Activity -> In the entries that follow, find every line containing "Analog" and copy it.

Extracted data entries:
# # # # # # #
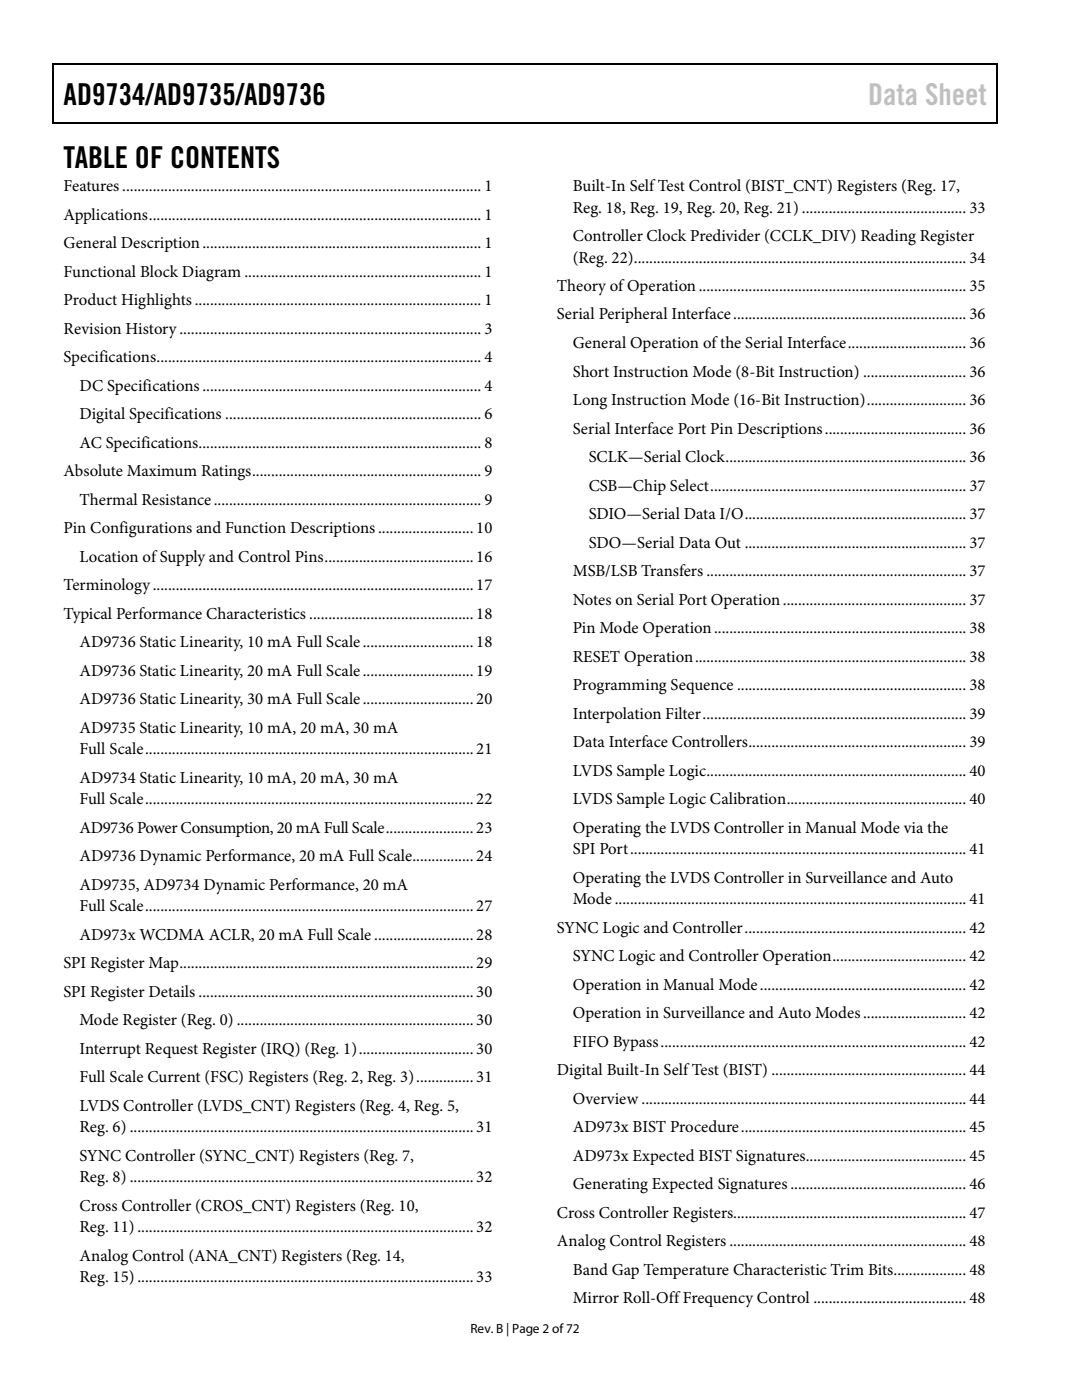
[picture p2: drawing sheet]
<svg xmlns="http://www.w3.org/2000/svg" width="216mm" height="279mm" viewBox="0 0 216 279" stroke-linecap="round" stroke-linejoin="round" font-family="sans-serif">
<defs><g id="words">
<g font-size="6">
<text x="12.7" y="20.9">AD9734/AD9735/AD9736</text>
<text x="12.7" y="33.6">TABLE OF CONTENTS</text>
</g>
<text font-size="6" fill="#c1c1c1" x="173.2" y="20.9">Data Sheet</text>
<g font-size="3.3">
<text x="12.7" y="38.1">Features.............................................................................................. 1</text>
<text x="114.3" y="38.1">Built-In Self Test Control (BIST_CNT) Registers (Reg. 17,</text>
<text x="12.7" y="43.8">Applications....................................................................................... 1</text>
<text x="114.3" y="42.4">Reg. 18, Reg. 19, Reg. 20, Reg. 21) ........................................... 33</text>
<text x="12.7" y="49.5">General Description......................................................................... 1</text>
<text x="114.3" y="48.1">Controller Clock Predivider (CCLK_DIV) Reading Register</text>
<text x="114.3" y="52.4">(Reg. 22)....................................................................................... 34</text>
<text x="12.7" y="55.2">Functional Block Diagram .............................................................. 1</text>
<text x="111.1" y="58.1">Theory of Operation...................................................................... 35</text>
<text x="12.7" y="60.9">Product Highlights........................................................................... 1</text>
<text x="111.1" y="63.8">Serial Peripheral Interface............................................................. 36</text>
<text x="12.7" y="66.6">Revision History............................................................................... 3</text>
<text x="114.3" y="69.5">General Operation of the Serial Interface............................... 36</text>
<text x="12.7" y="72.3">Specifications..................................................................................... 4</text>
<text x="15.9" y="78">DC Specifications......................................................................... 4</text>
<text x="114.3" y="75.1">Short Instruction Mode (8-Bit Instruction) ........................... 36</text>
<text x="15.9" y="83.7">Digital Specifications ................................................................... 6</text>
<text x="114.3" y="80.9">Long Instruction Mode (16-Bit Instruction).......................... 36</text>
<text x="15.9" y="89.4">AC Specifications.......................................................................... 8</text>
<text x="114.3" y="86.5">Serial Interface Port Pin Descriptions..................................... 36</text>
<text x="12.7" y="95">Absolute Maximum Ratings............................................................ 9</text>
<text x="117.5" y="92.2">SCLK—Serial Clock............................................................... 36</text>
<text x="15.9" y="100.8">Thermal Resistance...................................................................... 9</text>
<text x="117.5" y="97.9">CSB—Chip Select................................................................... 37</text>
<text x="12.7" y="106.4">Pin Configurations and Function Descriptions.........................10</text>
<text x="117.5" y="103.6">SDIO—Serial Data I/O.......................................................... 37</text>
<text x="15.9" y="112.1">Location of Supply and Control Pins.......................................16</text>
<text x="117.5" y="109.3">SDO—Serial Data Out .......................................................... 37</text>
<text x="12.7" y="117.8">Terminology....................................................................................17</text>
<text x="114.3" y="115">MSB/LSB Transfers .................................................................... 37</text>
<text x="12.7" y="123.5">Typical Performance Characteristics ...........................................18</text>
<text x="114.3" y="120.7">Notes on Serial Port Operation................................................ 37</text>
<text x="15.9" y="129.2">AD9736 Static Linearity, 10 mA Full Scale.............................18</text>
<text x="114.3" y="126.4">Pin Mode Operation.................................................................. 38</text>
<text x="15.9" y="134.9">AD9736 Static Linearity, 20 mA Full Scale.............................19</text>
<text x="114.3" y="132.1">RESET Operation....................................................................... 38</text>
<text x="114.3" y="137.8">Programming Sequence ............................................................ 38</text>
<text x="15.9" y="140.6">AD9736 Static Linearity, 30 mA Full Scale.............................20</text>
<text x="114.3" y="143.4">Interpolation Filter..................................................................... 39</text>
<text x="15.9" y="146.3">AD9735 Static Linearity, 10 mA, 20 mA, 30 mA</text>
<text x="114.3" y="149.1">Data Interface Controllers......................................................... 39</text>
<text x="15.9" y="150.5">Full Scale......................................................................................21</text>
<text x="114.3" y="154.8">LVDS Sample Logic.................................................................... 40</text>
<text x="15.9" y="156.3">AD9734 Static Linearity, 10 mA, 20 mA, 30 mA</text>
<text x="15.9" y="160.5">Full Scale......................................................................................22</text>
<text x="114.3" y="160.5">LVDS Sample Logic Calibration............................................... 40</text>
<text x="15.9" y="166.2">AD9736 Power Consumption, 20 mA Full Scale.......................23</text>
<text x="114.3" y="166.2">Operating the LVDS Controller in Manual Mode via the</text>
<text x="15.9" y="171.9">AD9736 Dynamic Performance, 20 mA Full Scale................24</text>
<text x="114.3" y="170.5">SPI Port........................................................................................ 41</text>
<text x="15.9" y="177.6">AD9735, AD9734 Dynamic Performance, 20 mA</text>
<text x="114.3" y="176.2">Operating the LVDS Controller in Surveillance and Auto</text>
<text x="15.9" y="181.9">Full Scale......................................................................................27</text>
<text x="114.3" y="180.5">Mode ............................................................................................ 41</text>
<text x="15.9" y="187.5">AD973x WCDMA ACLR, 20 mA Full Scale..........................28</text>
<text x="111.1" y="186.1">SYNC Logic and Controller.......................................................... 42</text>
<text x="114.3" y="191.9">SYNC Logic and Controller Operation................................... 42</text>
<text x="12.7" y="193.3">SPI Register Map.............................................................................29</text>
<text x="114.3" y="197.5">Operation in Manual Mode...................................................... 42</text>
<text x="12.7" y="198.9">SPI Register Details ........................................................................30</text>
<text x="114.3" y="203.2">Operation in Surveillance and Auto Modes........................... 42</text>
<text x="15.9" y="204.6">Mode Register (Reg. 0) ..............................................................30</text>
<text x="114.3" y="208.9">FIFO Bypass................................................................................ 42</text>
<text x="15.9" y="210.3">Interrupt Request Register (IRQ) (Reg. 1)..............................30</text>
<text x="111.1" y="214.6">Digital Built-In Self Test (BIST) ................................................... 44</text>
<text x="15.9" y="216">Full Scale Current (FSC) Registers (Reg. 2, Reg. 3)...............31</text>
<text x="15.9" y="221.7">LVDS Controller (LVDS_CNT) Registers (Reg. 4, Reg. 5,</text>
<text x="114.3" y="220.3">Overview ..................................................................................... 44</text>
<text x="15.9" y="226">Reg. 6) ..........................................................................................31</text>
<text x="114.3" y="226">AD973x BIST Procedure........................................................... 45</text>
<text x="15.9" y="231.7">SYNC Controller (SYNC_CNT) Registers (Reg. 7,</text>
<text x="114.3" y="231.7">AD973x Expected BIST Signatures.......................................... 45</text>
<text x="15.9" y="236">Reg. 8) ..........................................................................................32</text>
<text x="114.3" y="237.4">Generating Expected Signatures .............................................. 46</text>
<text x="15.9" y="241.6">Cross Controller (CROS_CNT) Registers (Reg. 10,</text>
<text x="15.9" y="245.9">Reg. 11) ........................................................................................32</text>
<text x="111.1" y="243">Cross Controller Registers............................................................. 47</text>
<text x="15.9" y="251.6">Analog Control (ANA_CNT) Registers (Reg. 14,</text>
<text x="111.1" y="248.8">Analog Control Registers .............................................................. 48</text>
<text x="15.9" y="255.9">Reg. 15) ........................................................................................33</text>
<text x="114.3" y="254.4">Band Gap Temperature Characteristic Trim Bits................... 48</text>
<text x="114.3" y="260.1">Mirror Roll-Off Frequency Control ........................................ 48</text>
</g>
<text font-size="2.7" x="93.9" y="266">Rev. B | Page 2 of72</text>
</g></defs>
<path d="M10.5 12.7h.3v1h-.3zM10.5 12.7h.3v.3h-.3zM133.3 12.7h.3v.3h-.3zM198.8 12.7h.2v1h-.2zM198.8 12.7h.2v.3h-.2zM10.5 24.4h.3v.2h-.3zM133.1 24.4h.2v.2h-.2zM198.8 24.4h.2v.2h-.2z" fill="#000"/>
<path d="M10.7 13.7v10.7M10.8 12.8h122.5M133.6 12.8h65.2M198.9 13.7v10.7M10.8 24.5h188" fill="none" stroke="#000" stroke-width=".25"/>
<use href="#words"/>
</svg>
# # # # # # #
Task solution ->
<text x="15.9" y="251.6">Analog Control (ANA_CNT) Registers (Reg. 14,</text>
<text x="111.1" y="248.8">Analog Control Registers .............................................................. 48</text>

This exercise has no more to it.